Thursday, November 13, 2008

Repugnant transactions in Inauguration tickets

eBay to Ban Resale of Inaugural Tickets

"eBay Inc. is banning the sale of coveted free tickets to the swearing-in of President-elect Barack Obama after a U.S. senator said she was crafting a bill to make such online sales a federal crime.
Representatives of the online auction site met with the Joint Congressional Committee on Inaugural Ceremonies this week and came to a mutual decision on the prohibition, said Nichola Sharpe, a spokeswoman for eBay.
“The tickets are free.
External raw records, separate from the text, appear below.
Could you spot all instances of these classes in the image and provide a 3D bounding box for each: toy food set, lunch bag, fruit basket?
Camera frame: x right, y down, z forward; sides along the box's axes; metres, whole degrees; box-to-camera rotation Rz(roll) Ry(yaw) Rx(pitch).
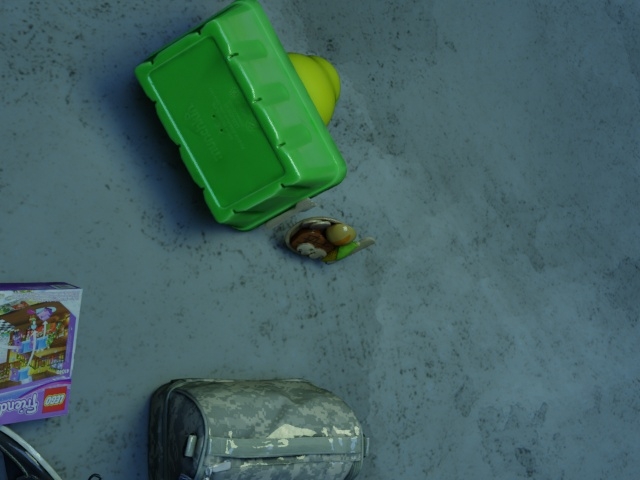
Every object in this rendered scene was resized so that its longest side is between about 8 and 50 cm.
[{"bbox_3d":[0.000,0.000,1.496,0.192,0.132,0.038,30,44,-39],"label":"toy food set"},{"bbox_3d":[-0.109,0.323,1.313,0.305,0.256,0.212,7,76,-28],"label":"lunch bag"},{"bbox_3d":[-0.113,-0.230,1.473,0.392,0.283,0.392,54,18,-27],"label":"fruit basket"}]

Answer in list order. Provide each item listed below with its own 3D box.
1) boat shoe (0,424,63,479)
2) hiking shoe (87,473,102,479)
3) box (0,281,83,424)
[{"bbox_3d":[-0.427,0.366,1.223,0.079,0.084,0.233,-41,105,-28],"label":"boat shoe"},{"bbox_3d":[-0.364,0.486,1.166,0.132,0.113,0.304,-5,109,-19],"label":"hiking shoe"},{"bbox_3d":[-0.487,0.162,1.161,0.293,0.057,0.201,3,98,-49],"label":"box"}]
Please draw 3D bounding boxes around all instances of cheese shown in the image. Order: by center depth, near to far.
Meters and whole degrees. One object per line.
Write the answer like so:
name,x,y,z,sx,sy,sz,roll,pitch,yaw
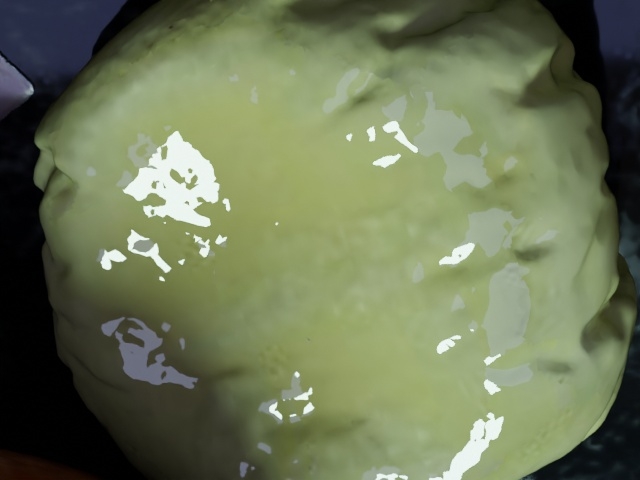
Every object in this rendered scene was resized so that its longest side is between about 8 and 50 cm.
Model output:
cheese,0.000,0.000,0.701,0.226,0.117,0.214,-11,106,16

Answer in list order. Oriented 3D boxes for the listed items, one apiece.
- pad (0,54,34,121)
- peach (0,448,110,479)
pad,-0.217,-0.041,0.765,0.188,0.006,0.113,-40,103,20
peach,-0.170,0.248,0.688,0.388,0.388,0.388,2,114,6
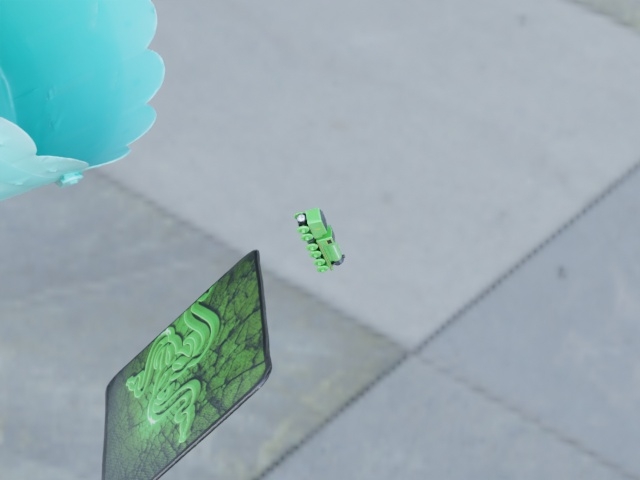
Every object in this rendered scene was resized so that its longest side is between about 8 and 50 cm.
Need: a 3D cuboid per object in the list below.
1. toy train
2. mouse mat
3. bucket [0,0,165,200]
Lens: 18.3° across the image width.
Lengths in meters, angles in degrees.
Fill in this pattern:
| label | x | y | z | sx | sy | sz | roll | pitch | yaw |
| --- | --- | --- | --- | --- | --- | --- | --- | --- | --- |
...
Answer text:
| label | x | y | z | sx | sy | sz | roll | pitch | yaw |
| --- | --- | --- | --- | --- | --- | --- | --- | --- | --- |
| toy train | 0.000 | 0.000 | 1.465 | 0.023 | 0.083 | 0.017 | -15 | 61 | 7 |
| mouse mat | -0.090 | 0.091 | 1.294 | 0.007 | 0.152 | 0.190 | 42 | 15 | -19 |
| bucket | -0.287 | -0.162 | 1.695 | 0.183 | 0.281 | 0.281 | -23 | 23 | 34 |

We felt that it is an official event,” Sharpe said in an interview today. “We think it’s in the best interest of all concerned.”
Sen. Dianne Feinstein (D-Calif.), chairman of the committee, announced Monday that she was contacting sites, like eBay and Craigslist, to ask them to stop selling the tickets to the Jan. 20 event. She also said she was drafting legislation to criminalize the sales. "

2 comments:

YCL said...

Closer to home, Harvard undergrads are debating the morality of selling/scalping Harvard-Yale tickets! :)

Scott said...

And--annually--Harvard commencement tickets sell at exorbitant prices, despite an official regulation prohibiting such sales. MIT allows the sale and trading of commencement tickets, and the market has historically set a rather low price.